▶ _TRY IT_
Please print out every entry below, verbatim.

»»

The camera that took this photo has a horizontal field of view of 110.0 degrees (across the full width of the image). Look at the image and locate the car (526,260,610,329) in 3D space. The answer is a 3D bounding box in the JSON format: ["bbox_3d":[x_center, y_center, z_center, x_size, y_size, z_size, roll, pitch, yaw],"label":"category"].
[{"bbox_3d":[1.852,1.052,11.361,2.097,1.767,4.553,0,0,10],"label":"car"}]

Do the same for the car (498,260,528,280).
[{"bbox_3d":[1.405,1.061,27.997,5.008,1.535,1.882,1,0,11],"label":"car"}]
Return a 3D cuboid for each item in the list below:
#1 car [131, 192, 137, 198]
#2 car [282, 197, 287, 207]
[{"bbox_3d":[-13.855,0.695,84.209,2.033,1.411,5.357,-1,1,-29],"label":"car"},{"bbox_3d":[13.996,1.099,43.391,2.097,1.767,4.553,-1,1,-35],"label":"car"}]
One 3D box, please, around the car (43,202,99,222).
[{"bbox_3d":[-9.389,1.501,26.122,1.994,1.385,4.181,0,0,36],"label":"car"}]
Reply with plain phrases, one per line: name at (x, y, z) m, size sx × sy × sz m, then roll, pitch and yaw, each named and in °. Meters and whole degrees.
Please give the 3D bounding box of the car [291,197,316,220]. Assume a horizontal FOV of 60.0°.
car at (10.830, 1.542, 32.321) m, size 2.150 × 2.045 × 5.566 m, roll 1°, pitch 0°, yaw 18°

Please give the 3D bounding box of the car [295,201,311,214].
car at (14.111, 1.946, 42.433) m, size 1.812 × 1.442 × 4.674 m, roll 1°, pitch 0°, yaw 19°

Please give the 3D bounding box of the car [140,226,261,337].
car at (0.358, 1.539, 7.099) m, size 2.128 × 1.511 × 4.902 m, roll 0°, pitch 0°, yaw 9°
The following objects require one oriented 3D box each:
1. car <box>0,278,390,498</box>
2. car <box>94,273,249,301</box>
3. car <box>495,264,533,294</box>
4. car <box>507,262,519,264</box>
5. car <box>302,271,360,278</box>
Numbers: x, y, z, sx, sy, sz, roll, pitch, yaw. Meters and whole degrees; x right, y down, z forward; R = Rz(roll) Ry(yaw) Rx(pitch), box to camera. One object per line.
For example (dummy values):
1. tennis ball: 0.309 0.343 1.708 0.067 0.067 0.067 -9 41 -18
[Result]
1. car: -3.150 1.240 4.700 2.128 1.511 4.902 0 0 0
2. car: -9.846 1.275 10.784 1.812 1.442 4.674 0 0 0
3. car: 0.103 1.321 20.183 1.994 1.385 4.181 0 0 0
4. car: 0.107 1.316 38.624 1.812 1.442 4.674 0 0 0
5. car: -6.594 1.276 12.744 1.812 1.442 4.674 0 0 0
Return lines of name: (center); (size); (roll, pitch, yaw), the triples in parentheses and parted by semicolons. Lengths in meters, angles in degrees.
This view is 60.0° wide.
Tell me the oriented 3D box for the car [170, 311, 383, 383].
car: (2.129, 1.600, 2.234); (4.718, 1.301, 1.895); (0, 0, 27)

««

▶ _TASK OUTPUT_
The camera that took this photo has a horizontal field of view of 110.0 degrees (across the full width of the image). Look at the image and locate the car (526,260,610,329) in 3D space. The answer is a 3D bounding box in the JSON format: ["bbox_3d":[x_center, y_center, z_center, x_size, y_size, z_size, roll, pitch, yaw],"label":"category"].
[{"bbox_3d":[1.852,1.052,11.361,2.097,1.767,4.553,0,0,10],"label":"car"}]

Do the same for the car (498,260,528,280).
[{"bbox_3d":[1.405,1.061,27.997,5.008,1.535,1.882,1,0,11],"label":"car"}]
Return a 3D cuboid for each item in the list below:
#1 car [131, 192, 137, 198]
#2 car [282, 197, 287, 207]
[{"bbox_3d":[-13.855,0.695,84.209,2.033,1.411,5.357,-1,1,-29],"label":"car"},{"bbox_3d":[13.996,1.099,43.391,2.097,1.767,4.553,-1,1,-35],"label":"car"}]
One 3D box, please, around the car (43,202,99,222).
[{"bbox_3d":[-9.389,1.501,26.122,1.994,1.385,4.181,0,0,36],"label":"car"}]
Reply with plain phrases, one per line: name at (x, y, z) m, size sx × sy × sz m, then roll, pitch and yaw, each named and in °. Meters and whole degrees.
Please give the 3D bounding box of the car [291,197,316,220]. Assume a horizontal FOV of 60.0°.
car at (10.830, 1.542, 32.321) m, size 2.150 × 2.045 × 5.566 m, roll 1°, pitch 0°, yaw 18°

Please give the 3D bounding box of the car [295,201,311,214].
car at (14.111, 1.946, 42.433) m, size 1.812 × 1.442 × 4.674 m, roll 1°, pitch 0°, yaw 19°

Please give the 3D bounding box of the car [140,226,261,337].
car at (0.358, 1.539, 7.099) m, size 2.128 × 1.511 × 4.902 m, roll 0°, pitch 0°, yaw 9°
The following objects require one oriented 3D box each:
1. car <box>0,278,390,498</box>
2. car <box>94,273,249,301</box>
3. car <box>495,264,533,294</box>
4. car <box>507,262,519,264</box>
5. car <box>302,271,360,278</box>
Numbers: x, y, z, sx, sy, sz, roll, pitch, yaw. Meters and whole degrees; x right, y down, z forward; R = Rz(roll) Ry(yaw) Rx(pitch), box to camera. One object per line.
For example (dummy values):
1. tennis ball: 0.309 0.343 1.708 0.067 0.067 0.067 -9 41 -18
[Result]
1. car: -3.150 1.240 4.700 2.128 1.511 4.902 0 0 0
2. car: -9.846 1.275 10.784 1.812 1.442 4.674 0 0 0
3. car: 0.103 1.321 20.183 1.994 1.385 4.181 0 0 0
4. car: 0.107 1.316 38.624 1.812 1.442 4.674 0 0 0
5. car: -6.594 1.276 12.744 1.812 1.442 4.674 0 0 0
Return lines of name: (center); (size); (roll, pitch, yaw), the triples in parentheses and parted by semicolons. Lengths in meters, angles in degrees.
This view is 60.0° wide.
Tell me the oriented 3D box for the car [170, 311, 383, 383].
car: (2.129, 1.600, 2.234); (4.718, 1.301, 1.895); (0, 0, 27)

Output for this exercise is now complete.